If a line holds the word "section", copy it from the entries.

(Records contained in a dataset)
########################################

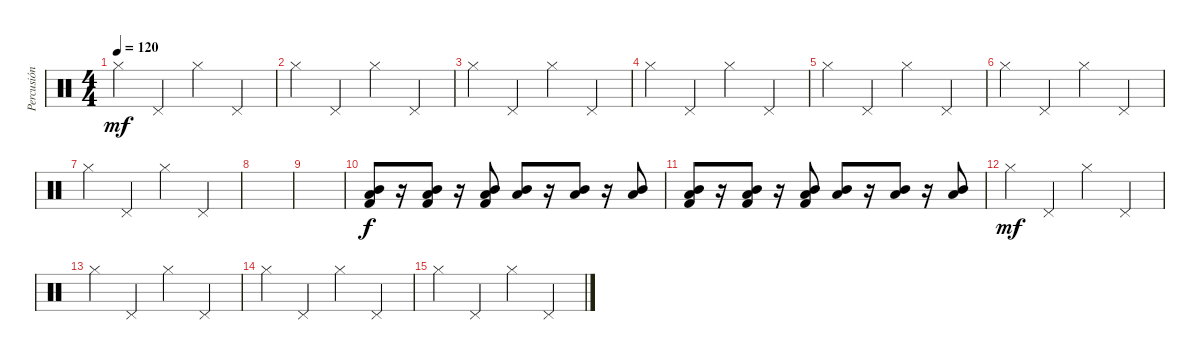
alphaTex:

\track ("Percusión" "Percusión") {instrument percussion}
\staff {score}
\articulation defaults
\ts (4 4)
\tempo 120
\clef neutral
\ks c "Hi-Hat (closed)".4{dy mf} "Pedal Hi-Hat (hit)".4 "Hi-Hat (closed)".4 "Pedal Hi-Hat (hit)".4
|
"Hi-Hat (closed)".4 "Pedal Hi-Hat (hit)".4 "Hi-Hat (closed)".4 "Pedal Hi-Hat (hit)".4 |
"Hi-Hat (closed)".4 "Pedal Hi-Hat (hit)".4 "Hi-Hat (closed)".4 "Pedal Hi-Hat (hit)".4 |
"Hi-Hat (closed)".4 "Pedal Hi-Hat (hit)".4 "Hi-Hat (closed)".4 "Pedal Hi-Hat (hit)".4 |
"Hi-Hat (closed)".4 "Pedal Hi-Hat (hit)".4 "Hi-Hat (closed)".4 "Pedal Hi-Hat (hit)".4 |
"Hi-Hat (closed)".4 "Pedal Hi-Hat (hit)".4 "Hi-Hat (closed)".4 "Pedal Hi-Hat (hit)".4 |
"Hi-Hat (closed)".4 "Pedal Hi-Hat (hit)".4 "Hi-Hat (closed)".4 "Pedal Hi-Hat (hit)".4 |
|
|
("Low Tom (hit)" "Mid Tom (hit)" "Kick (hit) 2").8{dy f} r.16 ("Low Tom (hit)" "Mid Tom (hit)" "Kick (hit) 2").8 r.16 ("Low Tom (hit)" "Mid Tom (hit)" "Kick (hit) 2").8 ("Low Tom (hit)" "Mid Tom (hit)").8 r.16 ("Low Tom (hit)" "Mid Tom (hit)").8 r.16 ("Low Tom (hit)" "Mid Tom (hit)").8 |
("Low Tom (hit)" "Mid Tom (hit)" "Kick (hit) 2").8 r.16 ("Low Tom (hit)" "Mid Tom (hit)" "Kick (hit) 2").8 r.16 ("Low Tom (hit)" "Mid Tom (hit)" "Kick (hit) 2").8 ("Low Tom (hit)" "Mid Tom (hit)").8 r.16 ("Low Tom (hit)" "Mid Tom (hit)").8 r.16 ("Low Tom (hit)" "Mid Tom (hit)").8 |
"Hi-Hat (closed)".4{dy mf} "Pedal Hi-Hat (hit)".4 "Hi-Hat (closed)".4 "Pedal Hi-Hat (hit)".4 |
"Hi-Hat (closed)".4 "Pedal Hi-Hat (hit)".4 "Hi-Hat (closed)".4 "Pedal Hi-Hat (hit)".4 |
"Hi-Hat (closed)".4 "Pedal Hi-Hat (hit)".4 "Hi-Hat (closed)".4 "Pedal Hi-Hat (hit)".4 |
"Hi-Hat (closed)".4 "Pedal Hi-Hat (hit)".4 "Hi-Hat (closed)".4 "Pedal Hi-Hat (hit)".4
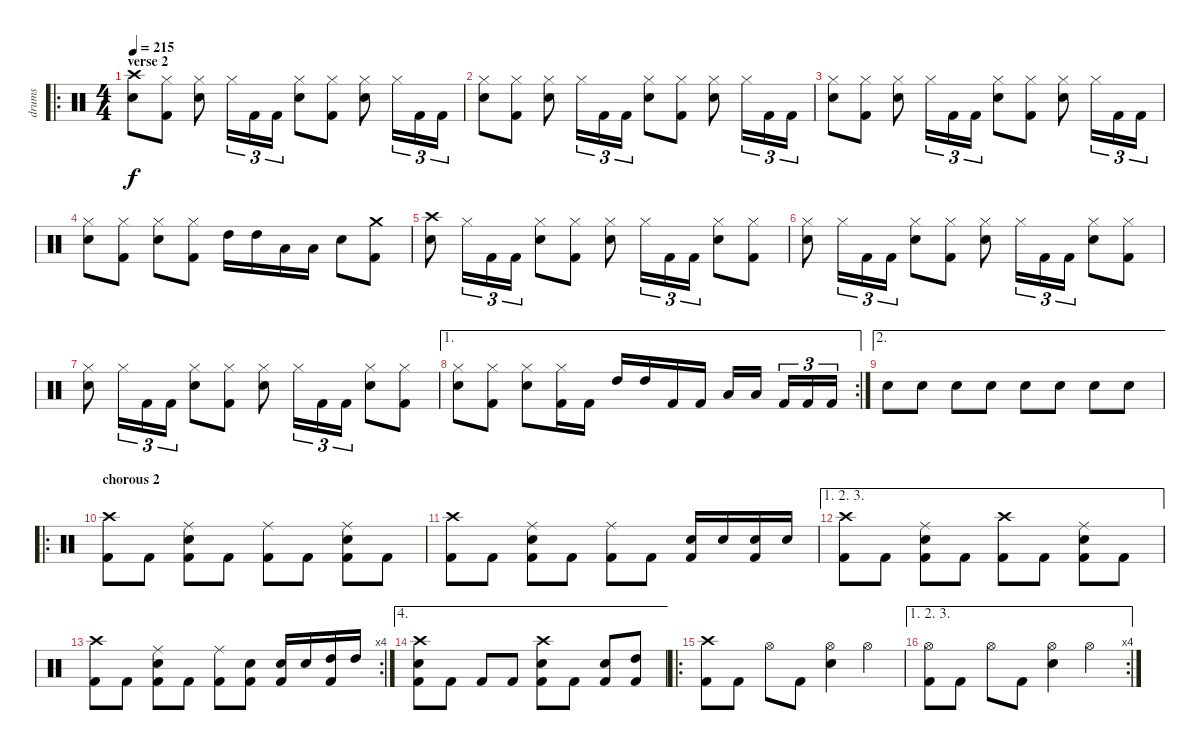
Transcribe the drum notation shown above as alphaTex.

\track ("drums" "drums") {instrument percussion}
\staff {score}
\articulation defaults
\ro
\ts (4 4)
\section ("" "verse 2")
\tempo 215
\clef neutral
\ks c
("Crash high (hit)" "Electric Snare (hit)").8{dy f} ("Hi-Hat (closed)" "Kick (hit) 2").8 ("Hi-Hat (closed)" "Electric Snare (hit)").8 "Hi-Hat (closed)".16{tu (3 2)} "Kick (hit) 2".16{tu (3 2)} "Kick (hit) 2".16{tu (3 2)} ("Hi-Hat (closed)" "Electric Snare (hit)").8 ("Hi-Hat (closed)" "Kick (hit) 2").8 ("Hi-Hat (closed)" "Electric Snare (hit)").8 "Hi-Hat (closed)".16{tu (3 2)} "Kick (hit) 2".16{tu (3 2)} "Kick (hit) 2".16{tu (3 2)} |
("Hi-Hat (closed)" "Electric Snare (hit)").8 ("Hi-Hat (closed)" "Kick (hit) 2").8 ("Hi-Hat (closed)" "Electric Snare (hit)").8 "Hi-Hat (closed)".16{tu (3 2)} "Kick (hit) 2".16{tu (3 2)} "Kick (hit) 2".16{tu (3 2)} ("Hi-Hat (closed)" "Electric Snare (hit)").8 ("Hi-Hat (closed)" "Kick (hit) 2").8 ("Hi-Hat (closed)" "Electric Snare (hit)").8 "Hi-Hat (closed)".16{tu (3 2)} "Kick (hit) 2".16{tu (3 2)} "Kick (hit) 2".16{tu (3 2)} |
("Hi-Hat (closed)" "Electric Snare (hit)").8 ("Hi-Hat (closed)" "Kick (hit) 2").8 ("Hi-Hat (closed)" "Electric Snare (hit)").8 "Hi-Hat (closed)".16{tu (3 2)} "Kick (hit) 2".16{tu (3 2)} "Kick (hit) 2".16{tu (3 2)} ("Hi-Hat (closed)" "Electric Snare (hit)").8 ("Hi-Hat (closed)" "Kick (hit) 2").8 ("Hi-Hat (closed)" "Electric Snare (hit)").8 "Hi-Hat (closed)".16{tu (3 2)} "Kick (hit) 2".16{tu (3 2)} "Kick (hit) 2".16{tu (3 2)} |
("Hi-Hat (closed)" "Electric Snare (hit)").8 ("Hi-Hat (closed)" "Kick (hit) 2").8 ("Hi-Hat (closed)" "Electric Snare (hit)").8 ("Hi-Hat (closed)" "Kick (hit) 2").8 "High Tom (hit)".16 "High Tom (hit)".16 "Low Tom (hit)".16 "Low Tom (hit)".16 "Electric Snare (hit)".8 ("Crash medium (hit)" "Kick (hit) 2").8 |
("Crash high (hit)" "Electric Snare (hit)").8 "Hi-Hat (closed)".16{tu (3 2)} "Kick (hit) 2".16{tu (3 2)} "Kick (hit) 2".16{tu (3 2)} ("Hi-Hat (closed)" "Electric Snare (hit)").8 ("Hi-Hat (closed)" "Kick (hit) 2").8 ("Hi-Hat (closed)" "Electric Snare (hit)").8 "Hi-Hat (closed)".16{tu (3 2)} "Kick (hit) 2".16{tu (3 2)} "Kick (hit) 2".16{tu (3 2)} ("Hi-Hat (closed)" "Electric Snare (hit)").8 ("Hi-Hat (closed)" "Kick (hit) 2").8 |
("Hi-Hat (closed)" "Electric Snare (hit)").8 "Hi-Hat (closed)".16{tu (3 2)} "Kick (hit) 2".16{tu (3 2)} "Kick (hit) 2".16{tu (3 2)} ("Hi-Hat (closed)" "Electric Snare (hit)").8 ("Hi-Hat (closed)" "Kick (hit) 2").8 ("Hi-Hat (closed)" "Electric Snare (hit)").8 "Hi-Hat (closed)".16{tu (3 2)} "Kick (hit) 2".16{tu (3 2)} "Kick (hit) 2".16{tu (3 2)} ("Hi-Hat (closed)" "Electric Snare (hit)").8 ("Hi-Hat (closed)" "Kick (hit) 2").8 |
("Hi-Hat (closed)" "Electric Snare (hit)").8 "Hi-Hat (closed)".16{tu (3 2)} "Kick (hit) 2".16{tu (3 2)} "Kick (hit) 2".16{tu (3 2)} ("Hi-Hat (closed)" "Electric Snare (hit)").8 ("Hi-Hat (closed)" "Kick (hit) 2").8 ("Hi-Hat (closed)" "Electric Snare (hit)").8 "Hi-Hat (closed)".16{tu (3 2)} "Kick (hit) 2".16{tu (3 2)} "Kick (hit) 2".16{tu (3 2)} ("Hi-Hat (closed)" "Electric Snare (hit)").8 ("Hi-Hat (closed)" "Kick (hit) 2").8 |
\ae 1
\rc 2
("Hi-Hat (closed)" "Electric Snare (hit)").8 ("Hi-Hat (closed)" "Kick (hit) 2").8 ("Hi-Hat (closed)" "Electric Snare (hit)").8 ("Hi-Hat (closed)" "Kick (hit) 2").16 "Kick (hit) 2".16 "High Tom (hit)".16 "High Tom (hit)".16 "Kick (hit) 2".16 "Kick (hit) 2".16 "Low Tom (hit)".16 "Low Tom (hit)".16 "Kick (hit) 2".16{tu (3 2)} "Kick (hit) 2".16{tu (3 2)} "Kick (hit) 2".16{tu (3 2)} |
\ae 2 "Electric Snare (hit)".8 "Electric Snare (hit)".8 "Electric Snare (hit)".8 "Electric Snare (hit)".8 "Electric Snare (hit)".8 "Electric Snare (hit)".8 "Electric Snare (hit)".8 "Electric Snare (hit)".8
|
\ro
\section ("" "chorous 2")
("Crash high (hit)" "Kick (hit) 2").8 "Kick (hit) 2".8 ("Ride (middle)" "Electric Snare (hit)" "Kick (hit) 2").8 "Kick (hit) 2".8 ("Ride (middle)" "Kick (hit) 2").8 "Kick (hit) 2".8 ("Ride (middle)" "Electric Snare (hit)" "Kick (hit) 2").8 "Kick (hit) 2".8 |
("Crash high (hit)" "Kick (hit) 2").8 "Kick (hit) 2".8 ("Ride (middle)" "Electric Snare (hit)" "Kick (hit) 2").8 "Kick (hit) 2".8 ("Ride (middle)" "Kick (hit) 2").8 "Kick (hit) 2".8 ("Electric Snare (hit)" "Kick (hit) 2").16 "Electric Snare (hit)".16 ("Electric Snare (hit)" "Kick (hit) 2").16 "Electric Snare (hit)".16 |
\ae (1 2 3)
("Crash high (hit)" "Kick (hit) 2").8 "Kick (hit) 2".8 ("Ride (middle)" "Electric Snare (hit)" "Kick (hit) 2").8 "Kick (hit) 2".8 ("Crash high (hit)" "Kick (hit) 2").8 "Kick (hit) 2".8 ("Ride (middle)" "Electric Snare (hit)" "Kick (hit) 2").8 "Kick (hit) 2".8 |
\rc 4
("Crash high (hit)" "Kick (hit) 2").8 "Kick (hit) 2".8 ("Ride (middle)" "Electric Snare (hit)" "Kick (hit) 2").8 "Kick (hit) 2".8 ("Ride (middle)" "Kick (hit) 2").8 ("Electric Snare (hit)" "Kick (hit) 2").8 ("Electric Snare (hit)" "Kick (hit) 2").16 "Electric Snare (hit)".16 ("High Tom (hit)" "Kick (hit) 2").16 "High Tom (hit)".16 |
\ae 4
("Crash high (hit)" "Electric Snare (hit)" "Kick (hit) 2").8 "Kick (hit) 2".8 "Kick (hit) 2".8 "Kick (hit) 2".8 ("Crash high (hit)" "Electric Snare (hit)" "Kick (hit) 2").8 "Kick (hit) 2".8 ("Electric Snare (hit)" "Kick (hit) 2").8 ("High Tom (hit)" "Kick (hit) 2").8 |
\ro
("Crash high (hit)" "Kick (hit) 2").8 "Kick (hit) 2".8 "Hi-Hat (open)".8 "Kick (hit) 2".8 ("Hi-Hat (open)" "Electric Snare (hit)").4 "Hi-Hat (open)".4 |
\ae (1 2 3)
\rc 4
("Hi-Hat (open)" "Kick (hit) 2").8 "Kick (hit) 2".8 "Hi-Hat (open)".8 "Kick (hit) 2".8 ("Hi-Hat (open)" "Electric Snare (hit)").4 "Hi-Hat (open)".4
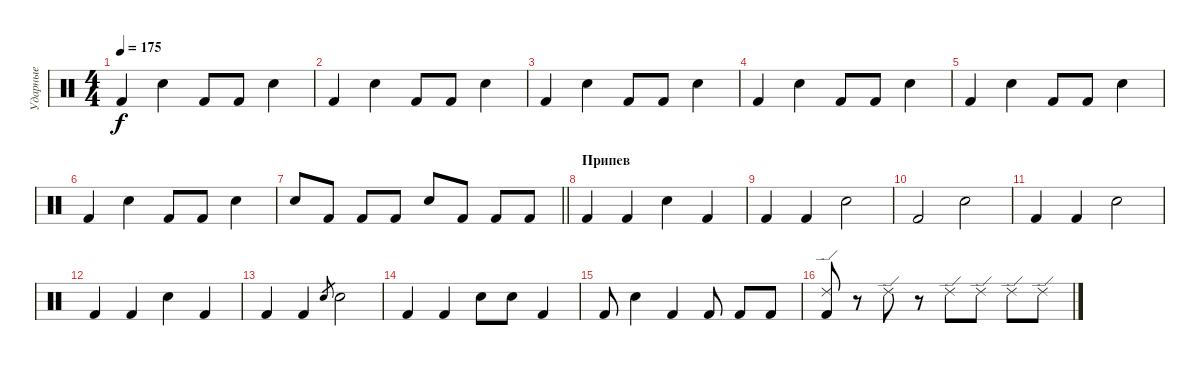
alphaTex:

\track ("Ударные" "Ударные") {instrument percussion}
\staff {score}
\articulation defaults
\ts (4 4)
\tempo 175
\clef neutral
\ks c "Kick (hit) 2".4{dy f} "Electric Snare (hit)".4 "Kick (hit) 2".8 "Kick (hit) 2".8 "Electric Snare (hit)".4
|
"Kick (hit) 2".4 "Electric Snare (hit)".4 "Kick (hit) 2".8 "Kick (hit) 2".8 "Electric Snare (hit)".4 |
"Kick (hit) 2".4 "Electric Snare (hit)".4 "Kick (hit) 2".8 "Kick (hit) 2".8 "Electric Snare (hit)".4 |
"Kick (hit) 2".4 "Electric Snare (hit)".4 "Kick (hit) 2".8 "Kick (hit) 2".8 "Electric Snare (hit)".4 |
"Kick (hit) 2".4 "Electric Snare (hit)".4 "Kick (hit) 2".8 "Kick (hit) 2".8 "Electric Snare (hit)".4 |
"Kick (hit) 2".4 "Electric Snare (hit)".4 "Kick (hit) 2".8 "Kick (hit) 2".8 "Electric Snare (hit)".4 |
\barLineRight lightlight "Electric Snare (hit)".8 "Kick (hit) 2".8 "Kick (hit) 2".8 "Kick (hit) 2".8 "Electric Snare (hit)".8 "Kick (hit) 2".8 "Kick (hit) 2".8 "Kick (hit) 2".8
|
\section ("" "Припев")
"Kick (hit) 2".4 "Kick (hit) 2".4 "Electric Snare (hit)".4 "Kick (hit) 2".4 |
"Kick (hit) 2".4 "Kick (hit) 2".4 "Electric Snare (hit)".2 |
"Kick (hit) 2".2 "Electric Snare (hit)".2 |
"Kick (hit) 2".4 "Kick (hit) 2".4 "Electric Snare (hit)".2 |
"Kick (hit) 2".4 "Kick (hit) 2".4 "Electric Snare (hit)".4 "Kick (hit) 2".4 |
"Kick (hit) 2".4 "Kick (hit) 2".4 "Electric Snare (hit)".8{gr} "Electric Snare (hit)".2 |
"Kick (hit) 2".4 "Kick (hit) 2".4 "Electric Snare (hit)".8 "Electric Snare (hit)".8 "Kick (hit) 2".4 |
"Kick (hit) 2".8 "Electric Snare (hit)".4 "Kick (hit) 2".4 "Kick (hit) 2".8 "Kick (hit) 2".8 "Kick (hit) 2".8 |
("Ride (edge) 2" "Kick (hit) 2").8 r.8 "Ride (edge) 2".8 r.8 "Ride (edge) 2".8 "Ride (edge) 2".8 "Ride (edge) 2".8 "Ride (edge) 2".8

########################################

> _Response to the task_
\section ("" "verse 2")
\section ("" "chorous 2")
\section ("" "Припев")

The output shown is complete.